Despite being glad to leave, I'm thankful for the support and love of all of my friends in San Francisco who made my two years there bearable (and at times even rather fabulous!). I miss them all dearly. I miss dancing my gay nights away with Jackson and being invited (weeks in advance!) to home cooked meals with Ethan. I miss coming to work every day to work for Jen and going to Yum Yum House for lunch to dish about all the latest office gossip with Liz. I miss going to overpriced meals and generally being fabulous with the lovely Bonnie -- and later stumbling home from Jen's while speaking (feigning?) drunken French. Yes - for all my reservations about the city - there are many things about my time in SF that I miss, and many people that I'm thankful for knowing.

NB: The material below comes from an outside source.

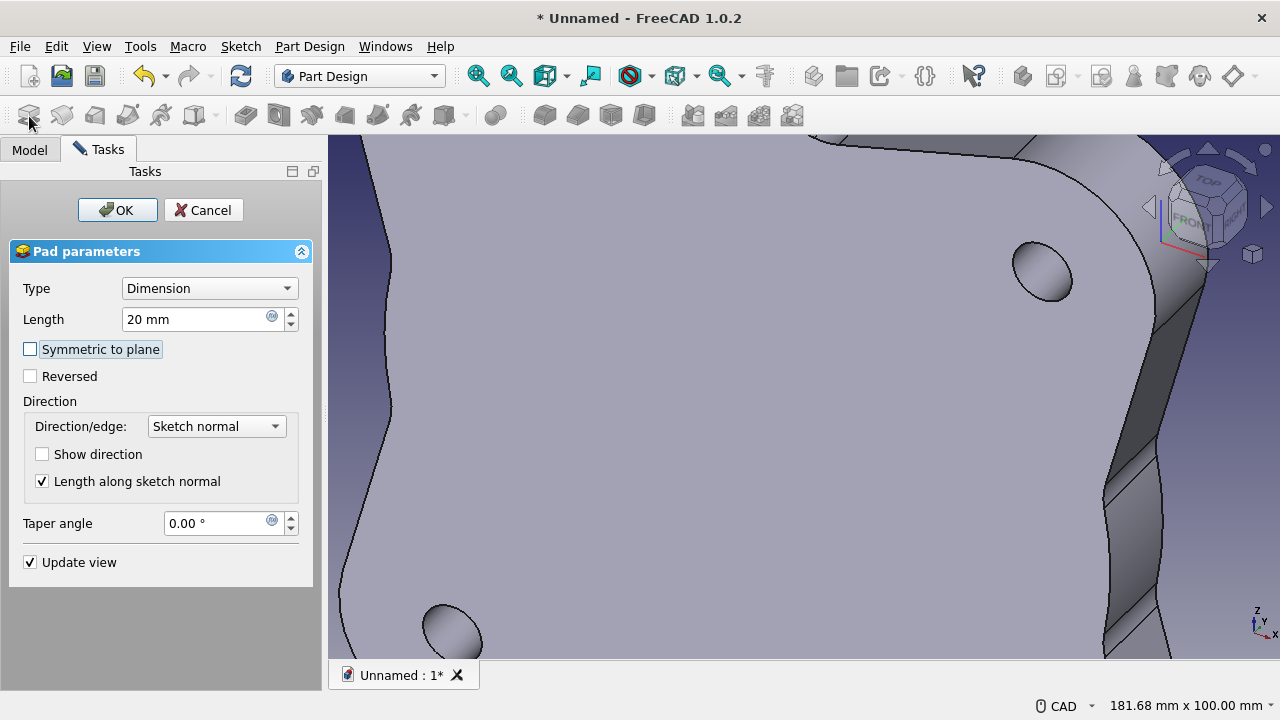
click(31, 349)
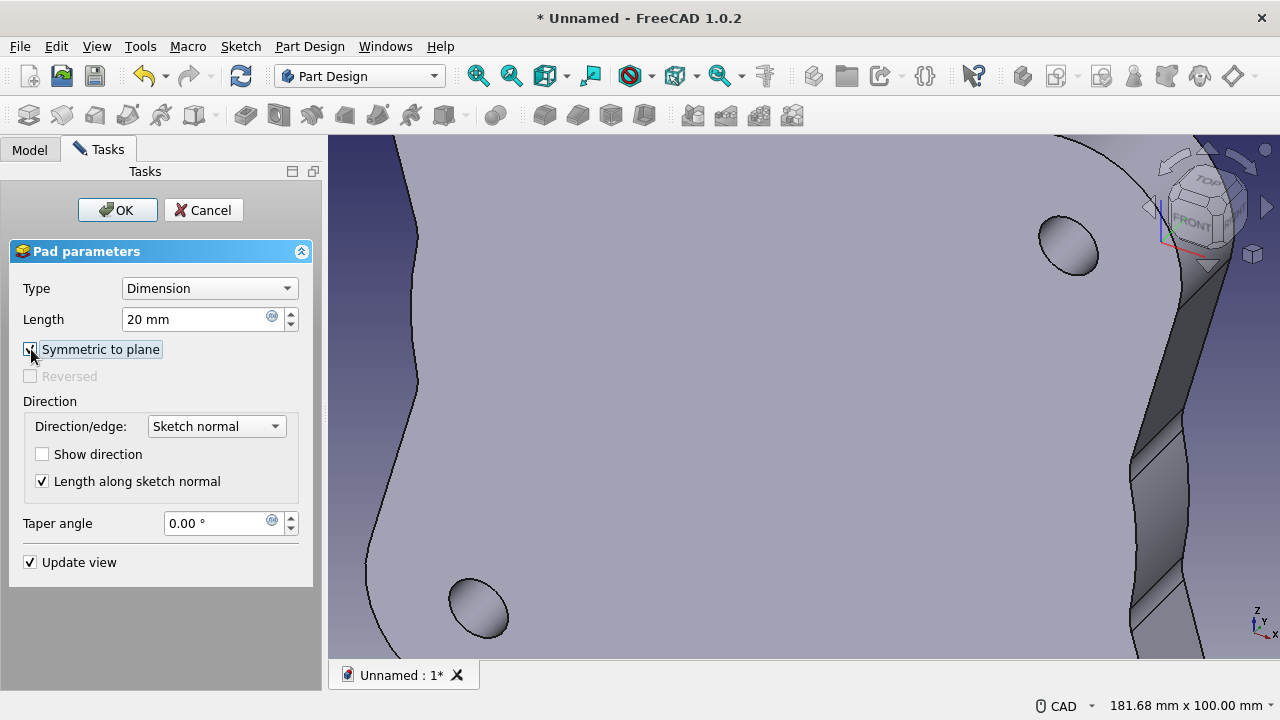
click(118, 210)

Which brings me to Ann Arbor! What a tremendous place. I knew I'd be happy here when I first met my gaggle of queers via Cookie, who brought us all together over Gays Craze. And what a fab troupe to have! We're all first years in different programs (including American Culture, Communication Studies, and History). Some of my first-year colleagues in Sociology often lament their difficulties building a social life here in Ann Arbor, but thankfully I've never been able to agree. The day before classes started I already found my base - Paul, Annah, Cookie, and 'Dre! I think we planned a road trip to Toronto within about 5 seconds of knowing each other. What gems!
I'm lucky enough to have even more folks and support here at U of M! What cosmic fate that during my first semester here, one of my academic idols Kane Race would also be here all the way from Australia as a visiting scholar. And of course my time here would have never been possible without the mentorship and support of the lovely David Halperin. I couldn't have asked for anyone better to be on my side!
Transitioning to life in Ann Arbor has, so far, been smoother than I could have ever hoped for. I'm feeling academically and professionally productive. I've got a group of fabulous friends who know how to party and how to study. And, slowly but surely, I feel like I'm starting to understand what exactly a sociologist is - and how I fit into the discipline. And heck, the University is funding my trip to Mexico next month for the "AIDS in Culture" conference where I'll present my Master's research; San Francisco's DPH is paying for me to attend a 2-day summit there in January on rethinking prevention; I'm on the Creating Change Detroit host committee and (hopefully!) presenting two workshops there in February; I've been working with the LGBTI Health Summit organizing committee to strategize for upcoming gay men's health and LGBTI Health summits; and I'll hopefully be attending the Sixth Annual UNITY Conference in Chapel Hill in April. Now that's a whole lot to be thankful for!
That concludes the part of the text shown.